What is needed: Could you repeat, word for word, only the lines from the one containing "Return one 3D bounding box for the carrot." through the final line of the records below?

Records excerpted from a collection
........

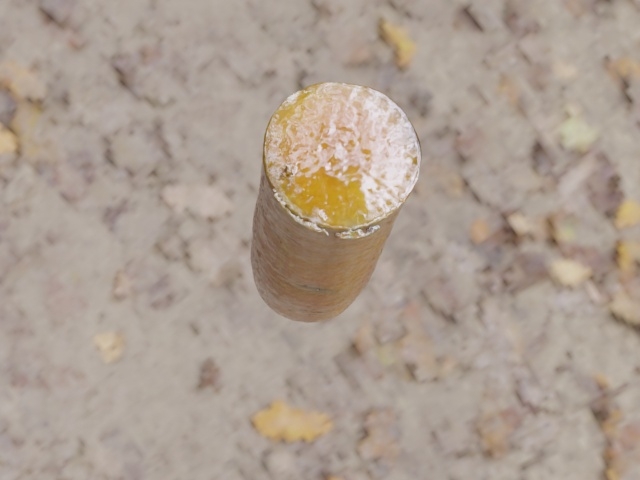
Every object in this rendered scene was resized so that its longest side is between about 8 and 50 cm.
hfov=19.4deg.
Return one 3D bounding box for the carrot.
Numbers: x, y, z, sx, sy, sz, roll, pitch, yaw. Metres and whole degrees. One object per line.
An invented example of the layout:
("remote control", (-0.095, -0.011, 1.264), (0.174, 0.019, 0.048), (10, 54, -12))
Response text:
("carrot", (0.000, 0.000, 0.590), (0.048, 0.139, 0.048), (2, 69, -5))

........

Expected answer:
Return one 3D bounding box for the carrot.
Numbers: x, y, z, sx, sy, sz, roll, pitch, yaw. Metres and whole degrees. One object per line.
An invented example of the layout:
("remote control", (-0.095, -0.011, 1.264), (0.174, 0.019, 0.048), (10, 54, -12))
Response text:
("carrot", (0.000, 0.000, 0.590), (0.048, 0.139, 0.048), (2, 69, -5))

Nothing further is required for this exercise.